▶ Task brief
Go line by line through the records below. Copy whichever lines contain the string "YELLOW".
=== Section Start ===
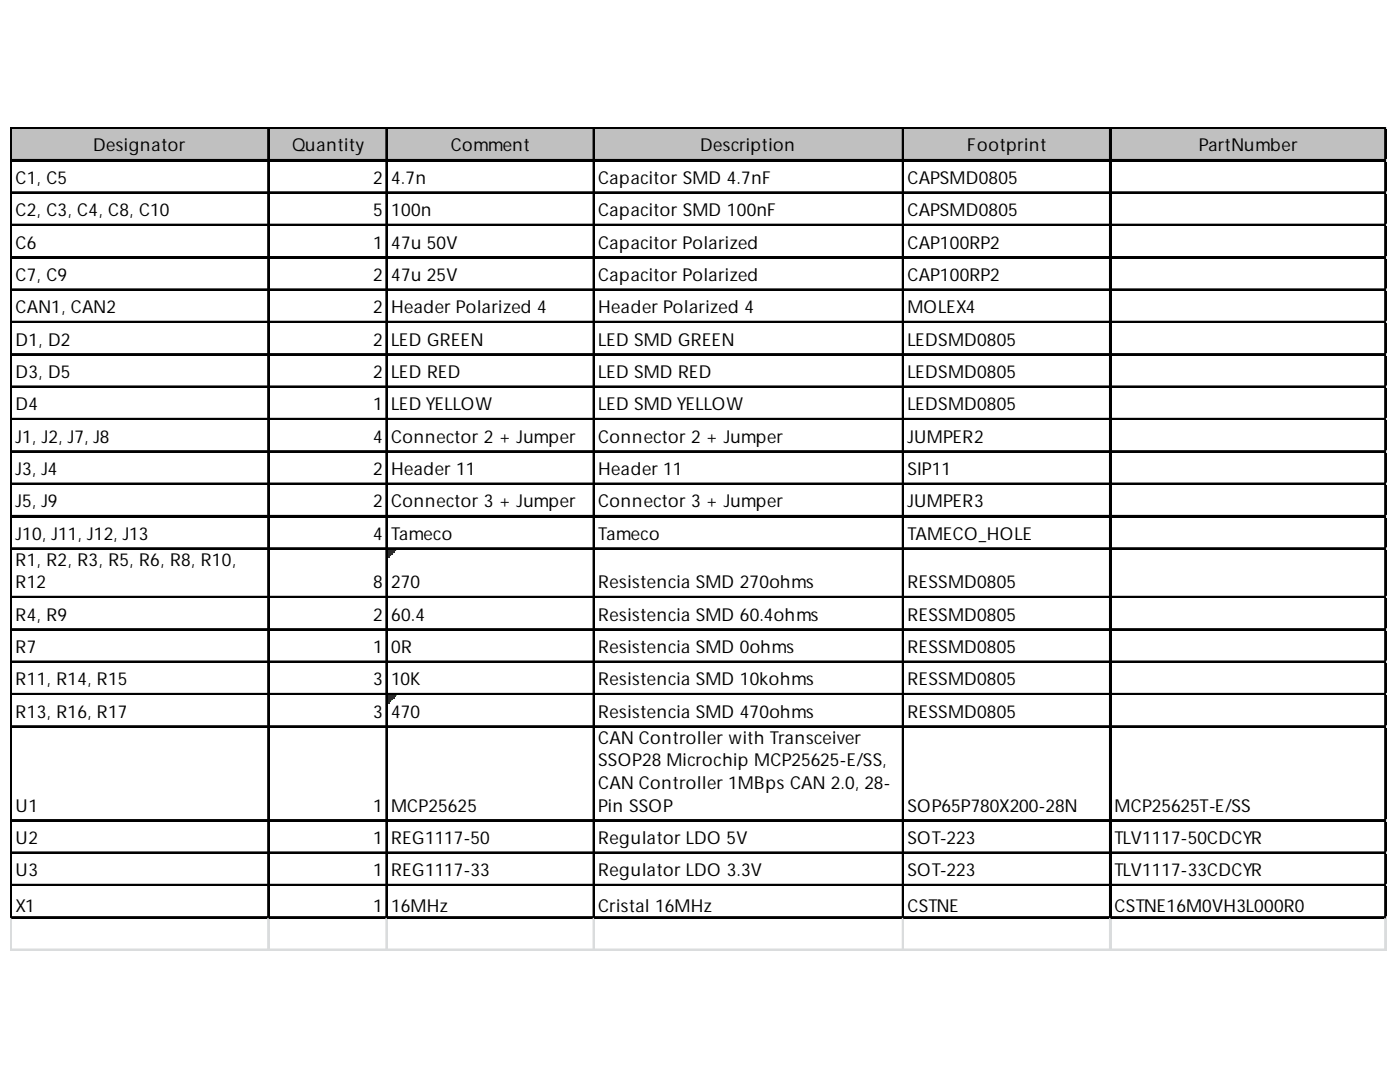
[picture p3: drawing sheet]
<svg xmlns="http://www.w3.org/2000/svg" width="279mm" height="216mm" viewBox="0 0 279 216" stroke-linecap="round" stroke-linejoin="round" font-family="sans-serif">
<defs><g id="words">
<g font-size="3.6">
<text x="18.6" y="30.2">Designator</text>
<text x="58.3" y="30.2">Quantity</text>
<text x="90" y="30.2">Comment</text>
<text x="139.7" y="30.2">Description</text>
<text x="193" y="30.2">Footprint</text>
<text x="239.2" y="30.2">PartNumber</text>
<text x="3.1" y="36.7">C1, C5</text>
<text x="74.5" y="36.7">2</text>
<text x="78" y="36.7">4.7n</text>
<text x="119.4" y="36.7">Capacitor SMD 4.7nF</text>
<text x="181.1" y="36.7">CAPSMD0805</text>
<text x="3.1" y="43.1">C2, C3, C4, C8, C10</text>
<text x="74.5" y="43.1">5</text>
<text x="78" y="43.1">100n</text>
<text x="119.4" y="43.1">Capacitor SMD 100nF</text>
<text x="181.1" y="43.1">CAPSMD0805</text>
<text x="3.1" y="49.6">C6</text>
<text x="74.5" y="49.6">1</text>
<text x="78" y="49.6">47u 50V</text>
<text x="119.4" y="49.6">Capacitor Polarized</text>
<text x="181.1" y="49.6">CAP100RP2</text>
<text x="3.1" y="56">C7, C9</text>
<text x="74.5" y="56">2</text>
<text x="78" y="56">47u 25V</text>
<text x="119.4" y="56">Capacitor Polarized</text>
<text x="181.1" y="56">CAP100RP2</text>
<text x="3.1" y="62.5">CAN1, CAN2</text>
<text x="74.5" y="62.5">2</text>
<text x="78" y="62.5">Header Polarized 4</text>
<text x="119.4" y="62.5">Header Polarized 4</text>
<text x="181.1" y="62.5">MOLEX4</text>
<text x="3.1" y="69">D1, D2</text>
<text x="74.5" y="69">2</text>
<text x="78" y="69">LED GREEN</text>
<text x="119.4" y="69">LED SMD GREEN</text>
<text x="181.1" y="69">LEDSMD0805</text>
<text x="3.1" y="75.4">D3, D5</text>
<text x="74.5" y="75.4">2</text>
<text x="78" y="75.4">LED RED</text>
<text x="119.4" y="75.4">LED SMD RED</text>
<text x="181.1" y="75.4">LEDSMD0805</text>
<text x="3.1" y="81.9">D4</text>
<text x="74.5" y="81.9">1</text>
<text x="78" y="81.9">LED YELLOW</text>
<text x="119.4" y="81.9">LED SMD YELLOW</text>
<text x="181.1" y="81.9">LEDSMD0805</text>
<text x="3.1" y="88.3">J1, J2, J7, J8</text>
<text x="74.5" y="88.3">4</text>
<text x="78" y="88.3">Connector 2 + Jumper</text>
<text x="119.4" y="88.3">Connector 2 + Jumper</text>
<text x="181.1" y="88.3">JUMPER2</text>
<text x="3.1" y="94.8">J3, J4</text>
<text x="74.5" y="94.8">2</text>
<text x="78" y="94.8">Header 11</text>
<text x="119.4" y="94.8">Header 11</text>
<text x="181.1" y="94.8">SIP11</text>
<text x="3.1" y="101.2">J5, J9</text>
<text x="74.5" y="101.2">2</text>
<text x="78" y="101.2">Connector 3 + Jumper</text>
<text x="119.4" y="101.2">Connector 3 + Jumper</text>
<text x="181.1" y="101.2">JUMPER3</text>
<text x="3.1" y="107.7">J10, J11, J12, J13</text>
<text x="74.5" y="107.7">4</text>
<text x="78" y="107.7">Tameco</text>
<text x="119.4" y="107.7">Tameco</text>
<text x="181.1" y="107.7">TAMECO_HOLE</text>
<text x="3.1" y="112.9">R1, R2, R3, R5, R6, R8, R10,</text>
<text x="3.1" y="117.4">R12</text>
<text x="74.5" y="117.4">8</text>
<text x="78" y="117.4">270</text>
<text x="119.4" y="117.4">Resistencia SMD 270ohms</text>
<text x="181.1" y="117.4">RESSMD0805</text>
<text x="3.1" y="123.8">R4, R9</text>
<text x="74.5" y="123.8">2</text>
<text x="78" y="123.8">60.4</text>
<text x="119.4" y="123.8">Resistencia SMD 60.4ohms</text>
<text x="181.1" y="123.8">RESSMD0805</text>
<text x="3.1" y="130.3">R7</text>
<text x="74.5" y="130.3">1</text>
<text x="78" y="130.3">0R</text>
<text x="119.4" y="130.3">Resistencia SMD 0ohms</text>
<text x="181.1" y="130.3">RESSMD0805</text>
<text x="3.1" y="136.8">R11, R14, R15</text>
<text x="74.5" y="136.8">3</text>
<text x="78" y="136.8">10K</text>
<text x="119.4" y="136.8">Resistencia SMD 10kohms</text>
<text x="181.1" y="136.8">RESSMD0805</text>
<text x="3.1" y="143.2">R13, R16, R17</text>
<text x="74.5" y="143.2">3</text>
<text x="78" y="143.2">470</text>
<text x="119.4" y="143.2">Resistencia SMD 470ohms</text>
<text x="181.1" y="143.2">RESSMD0805</text>
<text x="119.4" y="148.4">CAN Controller with Transceiver</text>
<text x="119.4" y="152.9">SSOP28 Microchip MCP25625-E/SS,</text>
<text x="3.1" y="161.9">U1</text>
<text x="74.5" y="161.9">1</text>
<text x="78" y="161.9">MCP25625</text>
<text x="119.4" y="157.4">CAN Controller 1MBps CAN 2.0, 28-</text>
<text x="119.4" y="161.9">Pin SSOP</text>
<text x="181.1" y="161.9">SOP65P780X200-28N</text>
<text x="222.4" y="161.9">MCP25625T-E/SS</text>
<text x="3.1" y="168.4">U2</text>
<text x="74.5" y="168.4">1</text>
<text x="78" y="168.4">REG1117-50</text>
<text x="119.4" y="168.4">Regulator LDO 5V</text>
<text x="181.1" y="168.4">SOT-223</text>
<text x="222.4" y="168.4">TLV1117-50CDCYR</text>
<text x="3.1" y="174.9">U3</text>
<text x="74.5" y="174.9">1</text>
<text x="78" y="174.9">REG1117-33</text>
<text x="119.4" y="174.9">Regulator LDO 3.3V</text>
<text x="181.1" y="174.9">SOT-223</text>
<text x="222.4" y="174.9">TLV1117-33CDCYR</text>
<text x="3.1" y="182">X1</text>
<text x="74.5" y="182">1</text>
<text x="78" y="182">16MHz</text>
<text x="119.4" y="182">Cristal 16MHz</text>
<text x="181.1" y="182">CSTNE</text>
<text x="222.4" y="182">CSTNE16M0VH3L000R0</text>
</g>
</g></defs>
<path d="M2.4 25.7h274.3v6.5h-274.3z" fill="#c0c0c0"/>
<path d="M77.4 109.7h1.6" fill="none" stroke="#008000" stroke-width=".32"/>
<path d="M77.4 109.7h1.6v.3h-1.6z" fill="#008000"/>
<path d="M77.4 110h1.3" fill="none" stroke="#008000" stroke-width=".32"/>
<path d="M77.4 110h1.3v.3h-1.3z" fill="#008000"/>
<path d="M77.4 110.3h1" fill="none" stroke="#008000" stroke-width=".32"/>
<path d="M77.4 110.3h1v.3h-1z" fill="#008000"/>
<path d="M77.4 110.6h.6" fill="none" stroke="#008000" stroke-width=".32"/>
<path d="M77.4 110.6h.6v.4h-.6z" fill="#008000"/>
<path d="M77.4 111h.3" fill="none" stroke="#008000" stroke-width=".32"/>
<path d="M77.4 111h.3v.3h-.3z" fill="#008000"/>
<path d="M77.4 138.7h1.6" fill="none" stroke="#008000" stroke-width=".32"/>
<path d="M77.4 138.7h1.6v.4h-1.6z" fill="#008000"/>
<path d="M77.4 139.1h1.3" fill="none" stroke="#008000" stroke-width=".32"/>
<path d="M77.4 139.1h1.3v.3h-1.3z" fill="#008000"/>
<path d="M77.4 139.4h1" fill="none" stroke="#008000" stroke-width=".32"/>
<path d="M77.4 139.4h1v.3h-1z" fill="#008000"/>
<path d="M77.4 139.7h.6" fill="none" stroke="#008000" stroke-width=".32"/>
<path d="M77.4 139.7h.6v.3h-.6z" fill="#008000"/>
<path d="M77.4 140h.3" fill="none" stroke="#008000" stroke-width=".32"/>
<path d="M77.4 140h.3v.3h-.3z" fill="#008000"/>
<g fill="none" stroke="#000" stroke-width=".32">
<path d="M2.1 25.4v157.9M2.3 25.4v157.9M2.4 25.4h274.3M2.4 25.6h274.3M2.4 31.9h274.3M2.4 32h274.3M2.4 38.3h274.3M2.4 38.5h274.3M53.5 25.7v157.6M53.6 25.7v157.6M77.1 25.7v157.6M77.2 25.7v157.6"/>
<path d="M118.4 25.7v157.6M118.6 25.7v157.6M180.1 25.7v157.6M180.3 25.7v157.6M221.5 25.7v157.6M221.6 25.7v157.6M276.4 25.7v157.6M276.6 25.7v157.6M2.4 44.8h274.3M2.4 45h274.3M2.4 51.2h274.3M2.4 51.4h274.3"/>
<path d="M2.4 57.7h274.3M2.4 57.9h274.3M2.4 64.2h274.3M2.4 64.3h274.3M2.4 70.6h274.3M2.4 70.8h274.3M2.4 77.1h274.3M2.4 77.2h274.3M2.4 83.5h274.3M2.4 83.7h274.3M2.4 90h274.3M2.4 90.1h274.3"/>
<path d="M2.4 96.4h274.3M2.4 96.6h274.3M2.4 102.9h274.3M2.4 103.1h274.3M2.4 109.4h274.3M2.4 109.5h274.3M2.4 119h274.3M2.4 119.2h274.3M2.4 125.5h274.3M2.4 125.7h274.3M2.4 132h274.3M2.4 132.1h274.3"/>
<path d="M2.4 138.4h274.3M2.4 138.6h274.3M2.4 144.9h274.3M2.4 145h274.3M2.4 163.6h274.3M2.4 163.8h274.3M2.4 170.1h274.3M2.4 170.2h274.3M2.4 176.5h274.3M2.4 176.7h274.3M2.4 183h274.3M2.4 183.1h274.3"/>
</g>
<g fill="none" stroke="#dadcdd" stroke-width=".32">
<path d="M276.7 25.4h.1M2.1 183.3v6.5M2.3 183.3v6.5M53.5 183.3v6.5M53.6 183.3v6.5M77.1 183.3v6.5M77.2 183.3v6.5M118.4 183.3v6.5M118.6 183.3v6.5M180.1 183.3v6.5M180.3 183.3v6.5M221.5 183.3v6.5"/>
<path d="M221.6 183.3v6.5M276.4 183.3v6.5M276.6 183.3v6.5"/>
</g>
<path d="M276.7 25.4l.1 .3z" fill="#dadcdd"/>
<path d="M276.7 31.9h.1" fill="none" stroke="#dadcdd" stroke-width=".32"/>
<path d="M276.7 31.9l.1 .3z" fill="#dadcdd"/>
<path d="M276.7 38.3h.1" fill="none" stroke="#dadcdd" stroke-width=".32"/>
<path d="M276.7 38.3l.1 .4z" fill="#dadcdd"/>
<path d="M276.7 44.8h.1" fill="none" stroke="#dadcdd" stroke-width=".32"/>
<path d="M276.7 44.8l.1 .3z" fill="#dadcdd"/>
<path d="M276.7 51.2h.1" fill="none" stroke="#dadcdd" stroke-width=".32"/>
<path d="M276.7 51.2l.1 .4z" fill="#dadcdd"/>
<path d="M276.7 57.7h.1" fill="none" stroke="#dadcdd" stroke-width=".32"/>
<path d="M276.7 57.7l.1 .3z" fill="#dadcdd"/>
<path d="M276.7 64.2h.1" fill="none" stroke="#dadcdd" stroke-width=".32"/>
<path d="M276.7 64.2l.1 .3z" fill="#dadcdd"/>
<path d="M276.7 70.6h.1" fill="none" stroke="#dadcdd" stroke-width=".32"/>
<path d="M276.7 70.6l.1 .3z" fill="#dadcdd"/>
<path d="M276.7 77.1h.1" fill="none" stroke="#dadcdd" stroke-width=".32"/>
<path d="M276.7 77.1l.1 .3z" fill="#dadcdd"/>
<path d="M276.7 83.5h.1" fill="none" stroke="#dadcdd" stroke-width=".32"/>
<path d="M276.7 83.5l.1 .4z" fill="#dadcdd"/>
<path d="M276.7 90h.1" fill="none" stroke="#dadcdd" stroke-width=".32"/>
<path d="M276.7 90l.1 .3z" fill="#dadcdd"/>
<path d="M276.7 96.4h.1" fill="none" stroke="#dadcdd" stroke-width=".32"/>
<path d="M276.7 96.4l.1 .4z" fill="#dadcdd"/>
<path d="M276.7 102.9h.1" fill="none" stroke="#dadcdd" stroke-width=".32"/>
<path d="M276.7 102.9l.1 .3z" fill="#dadcdd"/>
<path d="M276.7 109.4h.1" fill="none" stroke="#dadcdd" stroke-width=".32"/>
<path d="M276.7 109.4l.1 .3z" fill="#dadcdd"/>
<path d="M276.7 119h.1" fill="none" stroke="#dadcdd" stroke-width=".32"/>
<path d="M276.7 119l.1 .4z" fill="#dadcdd"/>
<path d="M276.7 125.5h.1" fill="none" stroke="#dadcdd" stroke-width=".32"/>
<path d="M276.7 125.5l.1 .3z" fill="#dadcdd"/>
<path d="M276.7 132h.1" fill="none" stroke="#dadcdd" stroke-width=".32"/>
<path d="M276.7 132l.1 .3z" fill="#dadcdd"/>
<path d="M276.7 138.4h.1" fill="none" stroke="#dadcdd" stroke-width=".32"/>
<path d="M276.7 138.4l.1 .3z" fill="#dadcdd"/>
<path d="M276.7 144.9h.1" fill="none" stroke="#dadcdd" stroke-width=".32"/>
<path d="M276.7 144.9l.1 .3z" fill="#dadcdd"/>
<path d="M276.7 163.6h.1" fill="none" stroke="#dadcdd" stroke-width=".32"/>
<path d="M276.7 163.6l.1 .3z" fill="#dadcdd"/>
<path d="M276.7 170.1h.1" fill="none" stroke="#dadcdd" stroke-width=".32"/>
<path d="M276.7 170.1l.1 .3z" fill="#dadcdd"/>
<path d="M276.7 176.5h.1" fill="none" stroke="#dadcdd" stroke-width=".32"/>
<path d="M276.7 176.5l.1 .3z" fill="#dadcdd"/>
<path d="M276.7 183h.1" fill="none" stroke="#dadcdd" stroke-width=".32"/>
<path d="M276.7 183l.1 .3z" fill="#dadcdd"/>
<path d="M2.1 189.4h274.7M2.1 189.6h274.7" fill="none" stroke="#dadcdd" stroke-width=".32"/>
<use href="#words"/>
</svg>
=== Section End ===
▶ Answer box
<text x="78" y="81.9">LED YELLOW</text>
<text x="119.4" y="81.9">LED SMD YELLOW</text>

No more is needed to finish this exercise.